Various Dutch MPs described the Dutch nationality as a “great good, something to be proud of” and “a privilege” for which one has to work hard. The Socialist Party (SP), ChristianUnion (CU), the green left party GroenLinks, the democratic D66 party and Group Kuzu/Öztürk vehemently objected to the extension from five to seven years for naturalisation. The parties said the extension would result in a further exclusion of a group of people and prevent them from full-fledged integration into the Dutch society.
Almost all colleagues of the Second Chamber extended a warm welcome to the special delegates of the Dutch Caribbean Parliaments seated in the plenary hall. “It is nice to have you here,” said Chairperson Helma Neppérus. “Finally some more diversity and colour in this plenary hall,” said Tanahan Kuzu of the Group Kuzu/Öztürk.

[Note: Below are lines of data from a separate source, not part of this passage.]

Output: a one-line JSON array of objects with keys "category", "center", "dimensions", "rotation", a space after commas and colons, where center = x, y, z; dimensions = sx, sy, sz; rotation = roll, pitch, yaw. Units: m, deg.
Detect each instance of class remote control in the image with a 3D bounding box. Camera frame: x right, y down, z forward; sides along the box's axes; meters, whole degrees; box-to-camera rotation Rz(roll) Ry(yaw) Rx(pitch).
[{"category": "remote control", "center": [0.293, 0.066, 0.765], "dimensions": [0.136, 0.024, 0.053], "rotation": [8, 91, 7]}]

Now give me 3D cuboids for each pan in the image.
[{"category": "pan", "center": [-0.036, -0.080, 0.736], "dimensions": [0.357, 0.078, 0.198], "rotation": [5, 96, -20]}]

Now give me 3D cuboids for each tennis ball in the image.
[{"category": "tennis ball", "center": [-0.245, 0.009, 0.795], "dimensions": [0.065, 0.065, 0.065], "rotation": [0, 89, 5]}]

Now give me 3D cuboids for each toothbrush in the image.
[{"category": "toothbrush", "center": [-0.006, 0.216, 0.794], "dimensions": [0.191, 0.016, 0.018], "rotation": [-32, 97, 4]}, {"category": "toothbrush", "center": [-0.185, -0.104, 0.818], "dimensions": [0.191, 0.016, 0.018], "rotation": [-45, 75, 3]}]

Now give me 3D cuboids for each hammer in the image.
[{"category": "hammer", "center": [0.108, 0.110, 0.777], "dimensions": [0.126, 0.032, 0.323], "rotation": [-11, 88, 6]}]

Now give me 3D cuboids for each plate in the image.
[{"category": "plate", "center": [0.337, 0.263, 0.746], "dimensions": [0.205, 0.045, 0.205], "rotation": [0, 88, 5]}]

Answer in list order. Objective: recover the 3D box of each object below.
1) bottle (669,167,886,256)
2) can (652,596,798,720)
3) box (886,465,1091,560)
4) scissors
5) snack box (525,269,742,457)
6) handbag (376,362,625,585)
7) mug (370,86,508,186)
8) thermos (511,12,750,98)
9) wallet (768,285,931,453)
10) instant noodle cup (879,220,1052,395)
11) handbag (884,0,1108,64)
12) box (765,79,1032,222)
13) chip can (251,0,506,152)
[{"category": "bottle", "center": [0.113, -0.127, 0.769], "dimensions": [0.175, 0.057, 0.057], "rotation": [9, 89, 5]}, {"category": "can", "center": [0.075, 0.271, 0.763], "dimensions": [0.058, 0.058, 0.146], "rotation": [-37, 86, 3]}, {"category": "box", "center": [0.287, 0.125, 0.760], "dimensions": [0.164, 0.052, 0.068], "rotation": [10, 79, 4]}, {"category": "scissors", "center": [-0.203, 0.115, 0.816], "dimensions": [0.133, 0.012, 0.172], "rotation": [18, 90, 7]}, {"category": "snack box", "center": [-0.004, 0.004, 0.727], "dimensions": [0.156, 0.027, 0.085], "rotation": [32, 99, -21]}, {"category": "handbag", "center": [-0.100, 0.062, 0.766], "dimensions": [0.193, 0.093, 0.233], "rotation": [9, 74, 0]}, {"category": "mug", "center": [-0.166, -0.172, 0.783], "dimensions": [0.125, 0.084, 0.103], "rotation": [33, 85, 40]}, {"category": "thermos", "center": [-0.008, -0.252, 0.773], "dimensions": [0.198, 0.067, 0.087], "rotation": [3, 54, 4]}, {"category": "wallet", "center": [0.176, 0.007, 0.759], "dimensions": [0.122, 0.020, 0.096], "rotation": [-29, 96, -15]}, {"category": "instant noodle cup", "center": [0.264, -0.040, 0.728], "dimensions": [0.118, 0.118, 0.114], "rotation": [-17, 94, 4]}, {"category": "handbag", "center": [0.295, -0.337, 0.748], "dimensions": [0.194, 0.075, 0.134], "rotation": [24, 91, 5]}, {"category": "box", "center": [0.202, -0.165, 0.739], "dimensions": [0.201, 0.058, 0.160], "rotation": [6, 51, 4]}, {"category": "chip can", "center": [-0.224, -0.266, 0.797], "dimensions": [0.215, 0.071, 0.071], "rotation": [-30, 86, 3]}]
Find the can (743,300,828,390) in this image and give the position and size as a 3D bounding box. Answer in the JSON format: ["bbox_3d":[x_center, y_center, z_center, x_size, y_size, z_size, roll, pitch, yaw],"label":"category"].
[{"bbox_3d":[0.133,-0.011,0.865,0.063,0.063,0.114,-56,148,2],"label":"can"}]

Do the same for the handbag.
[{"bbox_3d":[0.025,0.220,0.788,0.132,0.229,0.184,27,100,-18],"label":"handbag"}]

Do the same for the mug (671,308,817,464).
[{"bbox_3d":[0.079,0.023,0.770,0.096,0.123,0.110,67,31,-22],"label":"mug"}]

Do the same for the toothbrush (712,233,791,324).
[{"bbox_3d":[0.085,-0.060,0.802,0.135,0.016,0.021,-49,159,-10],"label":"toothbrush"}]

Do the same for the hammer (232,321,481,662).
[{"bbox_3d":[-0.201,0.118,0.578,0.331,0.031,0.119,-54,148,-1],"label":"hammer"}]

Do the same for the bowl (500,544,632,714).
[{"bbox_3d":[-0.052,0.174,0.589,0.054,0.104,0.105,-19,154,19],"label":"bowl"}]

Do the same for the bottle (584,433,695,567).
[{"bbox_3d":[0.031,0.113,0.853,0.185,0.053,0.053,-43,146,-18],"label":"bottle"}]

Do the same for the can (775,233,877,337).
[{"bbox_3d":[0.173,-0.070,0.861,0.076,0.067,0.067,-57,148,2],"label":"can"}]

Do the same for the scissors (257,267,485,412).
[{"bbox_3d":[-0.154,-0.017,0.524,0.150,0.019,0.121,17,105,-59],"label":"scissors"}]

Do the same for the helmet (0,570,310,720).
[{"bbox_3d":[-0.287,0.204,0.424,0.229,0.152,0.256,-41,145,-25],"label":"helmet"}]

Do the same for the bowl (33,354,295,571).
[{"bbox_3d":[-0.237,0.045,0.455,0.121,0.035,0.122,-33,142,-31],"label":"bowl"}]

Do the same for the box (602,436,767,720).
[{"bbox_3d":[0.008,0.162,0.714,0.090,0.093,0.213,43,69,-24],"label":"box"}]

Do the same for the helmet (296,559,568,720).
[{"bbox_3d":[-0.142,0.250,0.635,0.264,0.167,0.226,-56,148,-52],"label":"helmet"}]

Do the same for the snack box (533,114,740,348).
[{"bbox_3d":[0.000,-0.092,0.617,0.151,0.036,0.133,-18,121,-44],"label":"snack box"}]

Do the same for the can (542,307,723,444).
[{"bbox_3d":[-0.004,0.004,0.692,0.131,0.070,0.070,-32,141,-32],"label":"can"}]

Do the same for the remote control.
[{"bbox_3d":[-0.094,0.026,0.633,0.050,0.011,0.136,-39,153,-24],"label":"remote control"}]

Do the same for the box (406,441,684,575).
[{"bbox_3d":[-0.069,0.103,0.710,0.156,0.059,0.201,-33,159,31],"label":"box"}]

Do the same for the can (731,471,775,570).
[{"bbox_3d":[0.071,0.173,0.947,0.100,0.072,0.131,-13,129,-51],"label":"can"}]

“It is a privilege to have you at this debate,” said Member of the Second Chamber Kees van der Staaij of the reformed Christian SGP party, who suggested that the Dutch Parliament also take the interests of the islands into account when the overseas colleagues were not present at the handling of Kingdom laws.
Sjoerd Sjoerdsma (D66) said he found it “very special” to have the Parliaments of the islands present at the debate. “It is a first step. It is much better to have you here physically present, even though you are in our thoughts when you are not here for the handling of a Kingdom Law,” he said.
The handling of the Kingdom Law proposal, the second term, continued late Wednesday evening.